# Synthaprufing a wall



## RogerS (13 Aug 2006)

I want to apply two coats of Synthaprufe to one of our internal (non-DPC'd) walls.

The instructions say that you need to finish with 12mm of plaster and so presumably I need to chisel out the old plaster to approximately that depth...so that the finished plaster will be more or less in line with the plaster higher up the wall?

If so do I need to do any preparatory work to the chisselled out wall prior to the application of Synthaprufe? The instructions are silent on this issue. The current wall surface is very friable and powdery (efflorescence?) and my concern is that if I do chisel out the plaster then the surface left will be too friable for the Synthaprufe to adhere to.

In some areas the finish top coat is no longer adhering to the underlying bonding. Part of me wants to just hack it all back to the (probably) rotten oak sole plates but don't want to make unnecessary work for myself.

Last question. The instructions refer to blinding the final coat with sharp sand. 'Blinding'...does this mean throwing sand onto the still-wet Synthaprufe to provide a key for subsequent plastering?

What would you guys do?


----------



## jasonB (13 Aug 2006)

I would take off all the plaster as any that is left behind the synthaproof will be subject to moisture. Give the wall a good wirebrushing to remove as much loose material as possible before coating.

Blinding means as you say throwing dry coarse sharp sand at the wall to give a key.

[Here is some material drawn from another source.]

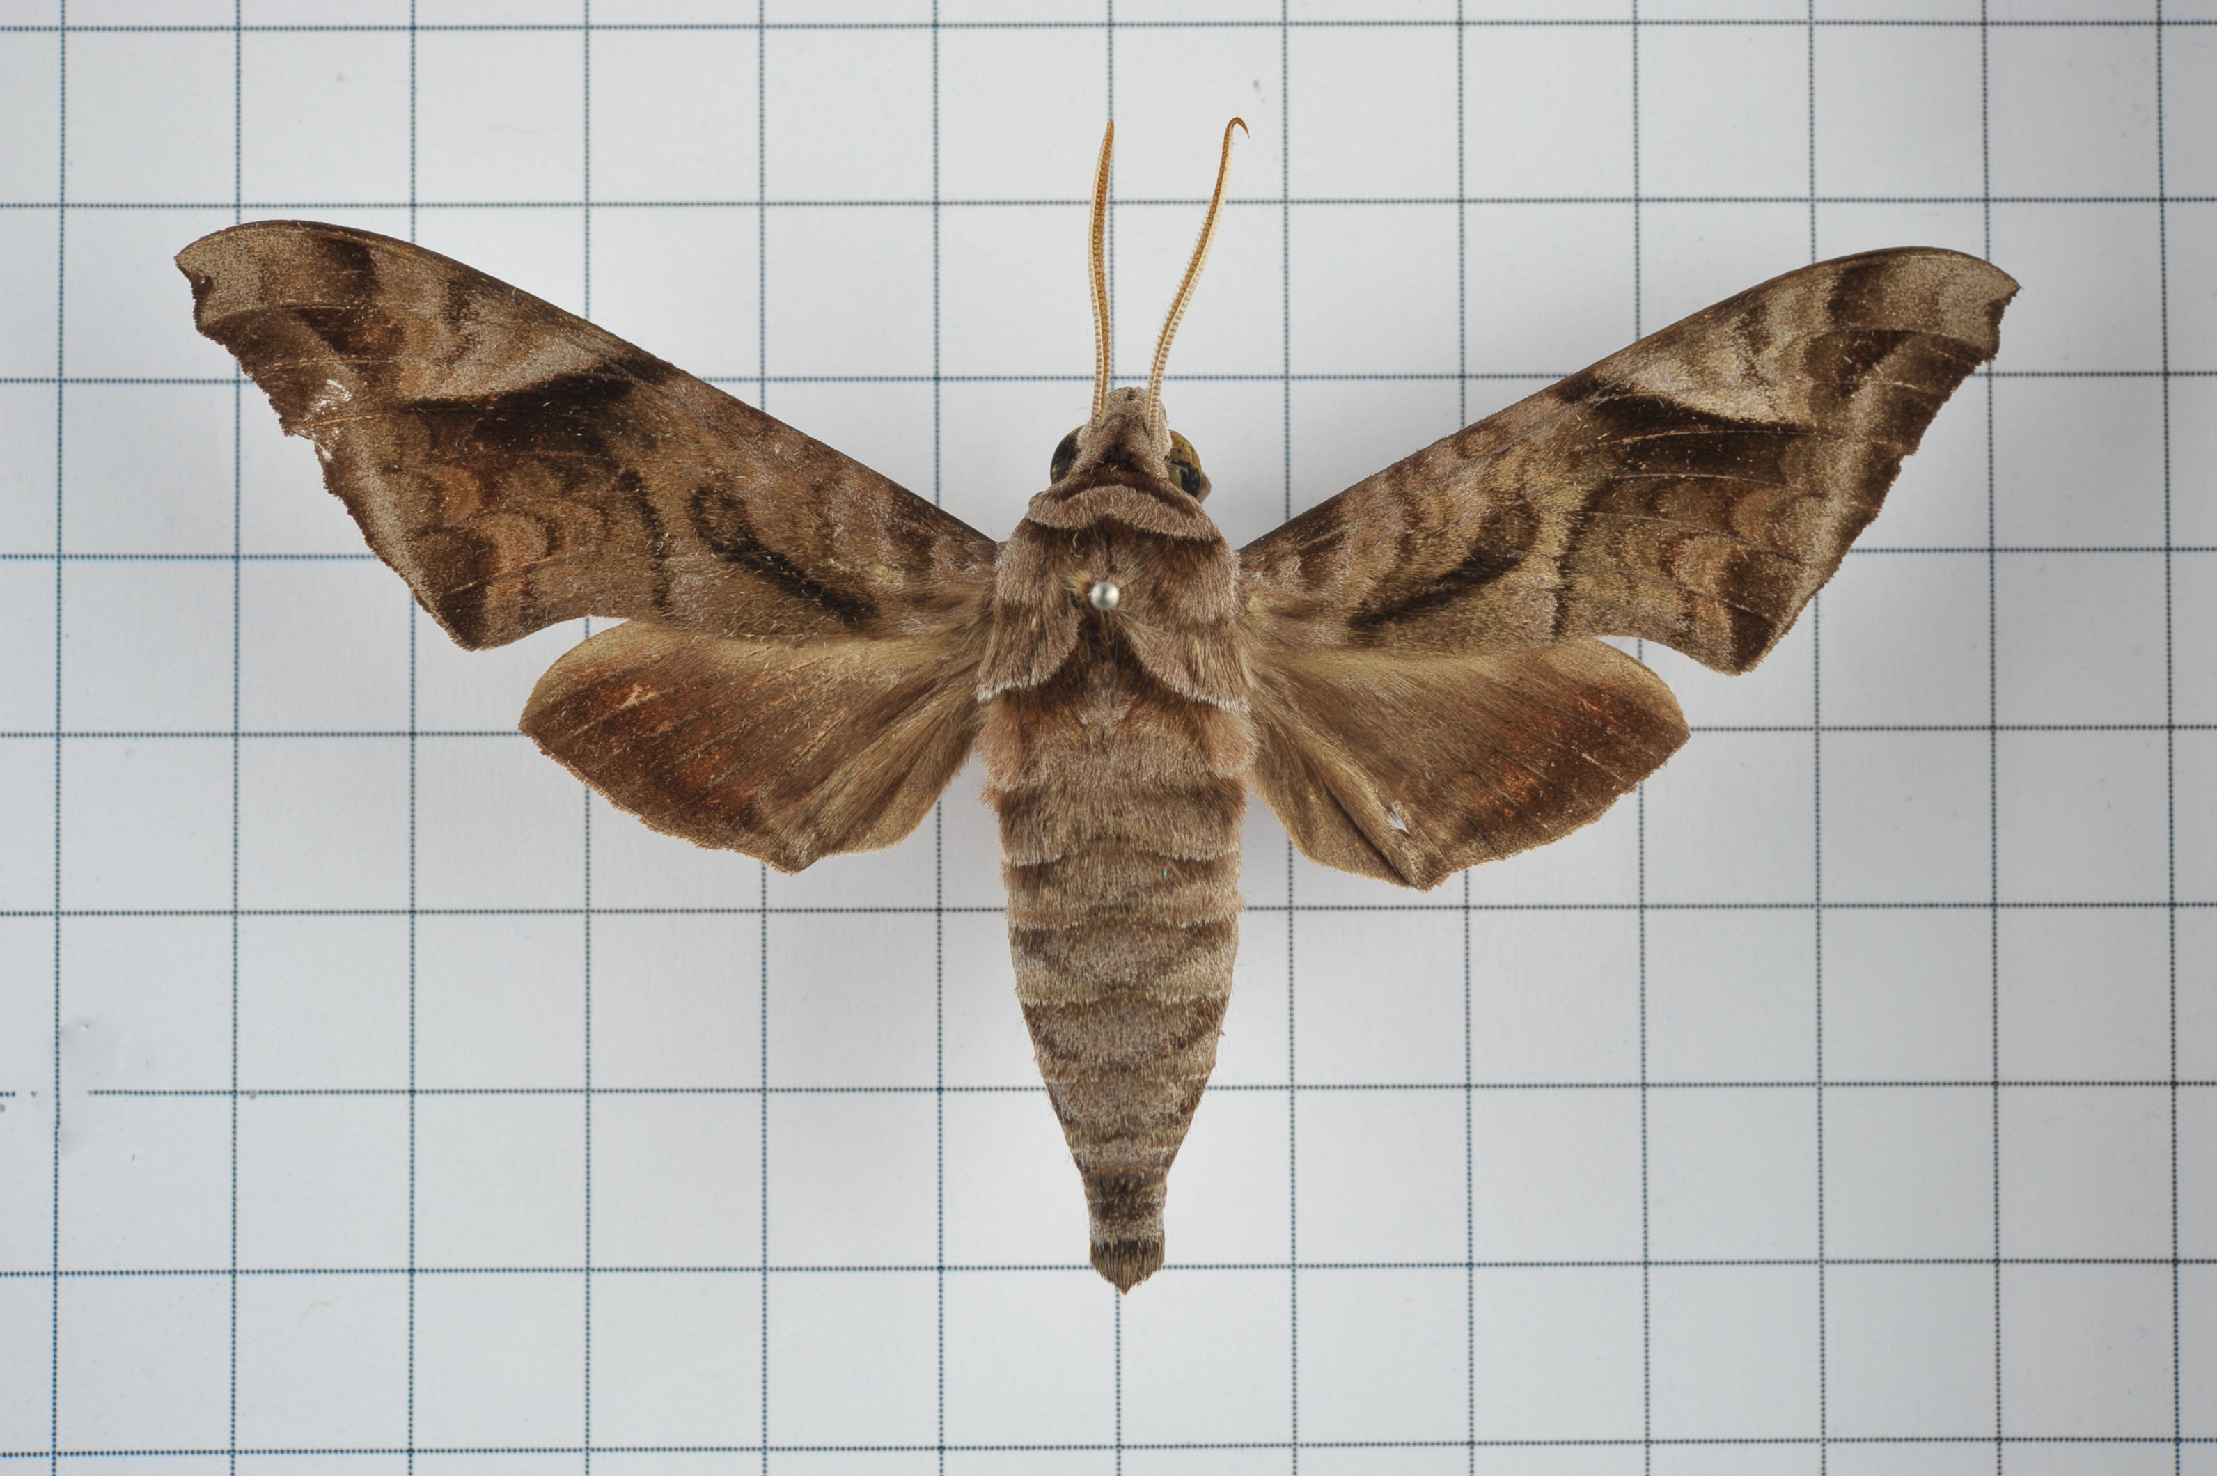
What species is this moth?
Acosmeryx naga metanaga

I would be tempted to render and set rather than use bonding and finish.

PS don't use your best paint brush to apply the synthaproof :wink: 

Jason


----------



## RogerS (13 Aug 2006)

jasonB":3cwr76m2 said:


> to render and set
> Jason



Thanks Jason.

Render and set? Cement render I think I understand but 'set'?

Many thanks

Roger


----------



## jasonB (13 Aug 2006)

Coat of finish plaster on the render scratch coat.

Jason


----------



## RogerS (13 Aug 2006)

Thanks, Jason...


----------



## RogerS (18 Aug 2006)

OK - hacked off the plaster to reveal, as suspected, very soggy sole plate. Now I'm not going to replace that but I'll chop off all the rotten oak.

Usually I would then liberally pour a load of Cuprinol anti-wet rot stuff all over it but would this affect the Synthaprufe?

Many thanks

Roger


----------



## jasonB (18 Aug 2006)

Give the 5star wood treatment a week to allow any solvents to evaporate and you should be OK.

I would be worried about treating a wall with wood in it in the way you suggest, by covering it in synthaproof you will be sealing in any moisture that is traveling up from the ground. Better to go for a breathable finish or insert a DPC below the timber sole plate. I had assumed you were talking about a masonary wall in my earlier replys.

Jason


----------



## RogerS (18 Aug 2006)

Well the sole plate has been there for about 300 years.

In an ideal world I would excavate footings, insert a DPC, replace with a new sole plate and carry on from there. Somehow I don't think that I'll be going down that route....otherwise we'd end up doing the rest of the place in the same way and then when would I get time for woodworking!

I know it's not ideal to seal in the moisture but it's not particularly load bearing where it's rotten-ish. It's an internal wall and I like the idea of breather paper..even to the extent of leaving the other side exposed (as it goes into the utility area) and so allowing the sole plate to dry out (maybe..be a long time I reckon) but I reckon the smell of damp rotten wood will be too offputting.


----------